Ostsee-Zeitung: Schorlemmer warnt vor einer Dämonisierung der DDR
Rostock (ots)
Sehr geehrte Kolleginnen und Kollegen!
Hiermit übermitteln wir Ihnen eine Vorabmeldung der Ostsee-Zeitung, in der sich der Theologe und Bürgerrechtler Friedrich Schorlemmer kritisch in die Debatte zum Unrechtsstaat DDR einschaltet. Er wirft u.a. der Bundeskanzlerin, die auf dem Begriff Unrechtsstaat besteht, vor, sie rücke die DDR in die Nähe zum Nazi-System.
Schorlemmer warnt vor einer Dämonisierung der DDR/ Der Begriff Unrechtsstaat werde der DDR "nicht gerecht"/ Kritik an einstigen DDR-Bürgerrechtlern, die zu "unerbittlichen Bürgerrächern" geworden seien, die nur noch auf die DDR starren, statt auch über heutiges Unrecht zu reden.
Rostock. Der Theologe und Bürgerrechtler Friedrich Schorlemmer hat sich kritisch in die Debatte um den Unrechtsstaat DDR eingeschaltet und vor einer totalen Dämonisierung der DDR gewarnt. Er kritisierte Bundeskanzlerin Angela Merkel, die auf dem umstrittenen Begriff "Unrechtsstaat" besteht. Doch mit diesem Begriff werde man dem wirklichen Leben im untergegangenen "Staat der Arbeiter und Mauern" nicht gerecht, sagte Schorlemmer der in Rostock erscheinenden Ostsee-Zeitung (Mittwoch).

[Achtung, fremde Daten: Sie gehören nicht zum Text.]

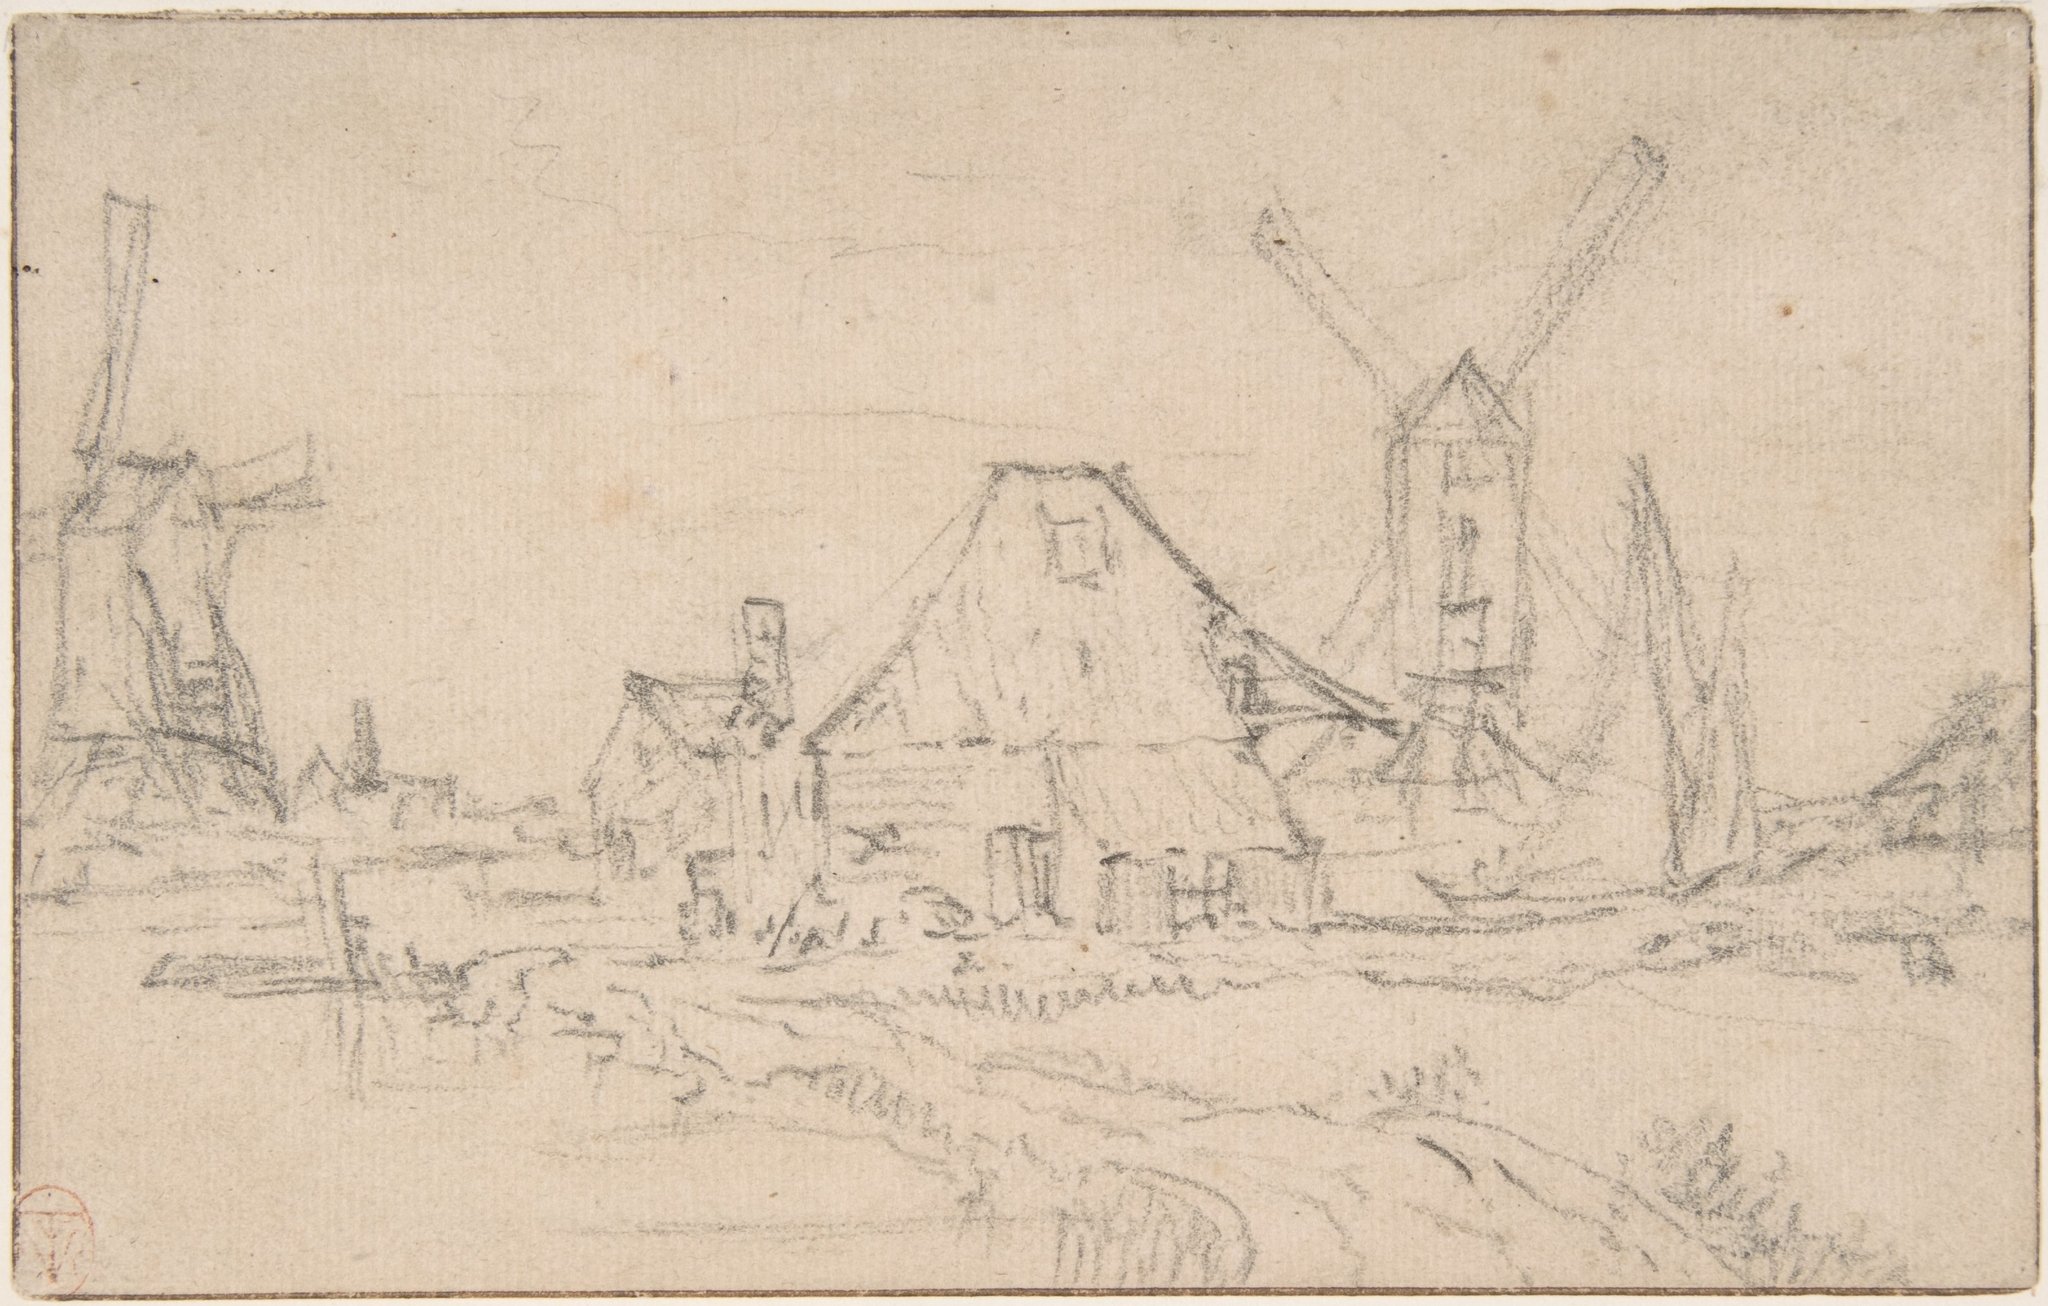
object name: drawing
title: Landscape With Two Mills
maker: rembrandt van rijn
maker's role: artist
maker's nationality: dutch
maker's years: 1606-1669
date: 1601-1700
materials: chalk
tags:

Er warf Merkel vor, mit dem Begriff rücke sie die DDR in die Nähe zum Nazi-System. "Das ist verlogen und hat offenbar mehr mit dem Wahlkampf gegen die Linke zu tun als mit wirklichem Erleben", sagte Schorlemmer. Es ärgere ihn, wenn Merkel auf das Aburteilen der DDR bestehe und auf jene Differenzierungen verzichte, die der Ministerpräsident von Mecklenburg-Vorpommern Ernst Sellering (SPD) zu Recht einfordere. "Es gab in der DDR die rhetorische und im Grunde unsinnige Frage: Bist du für den Frieden, Ja oder Nein? Der Tanz um den Begriff Unrechtsstaat heute folgt diesem Muster", erklärte Schorlemmer. Er warnte zugleich davor, "die DDR in Gänze zu dämonisieren, weil genau das die Gegenreaktion der Verklärung hervorruft. Schwarzfärben führt zum Schönfärben." Es habe in der DDR "wahres Leben im falschen System, aufrechtes Leben inmitten gebückter Gehorsamkeit" gegeben. Es gab auch "große Kunst, Theater, Literatur, Malerei - und immer wieder Auf- und Ausbrüche aus der Enge. Das darf heute nicht ausgegrenzt werden, wie etwa in der Ausstellung im Gropiusbau in Berlin", kritisierte Schorlemmer.
Er bezeichnete die DDR als "ein von der SED verordnetes Paradies mit Austrittsverbot, einen totalen Versorgungsstaat mit einer Zielutopie, für die selbst Mittel Recht waren, die grobes Unrecht darstellten". Der selbst von der Stasi verfolgte Schorlemmer räumte ein, man muss das Unrecht, das es in der DDR gab, auch Unrecht nennen. Die Opfer der DDR-Repression brauchten Beachtung, Fürsorge und Entschädigung.
Über ehemalige Mitstreiter aus der DDR-Bürgerrechtsbewegung sagte Schorlemmer: "Ich ärgere mich furchtbar darüber, dass einstige Bürgerrechtler in der DDR bisweilen zu unerbittlichen Bürgerrächern geworden sind, die nur noch auf die untergegangene DDR starren, statt auch über heutiges Unrecht... zu reden." Schorlemmer wird am kommenden Samstag (16.5. 2009) 65 Jahre alt.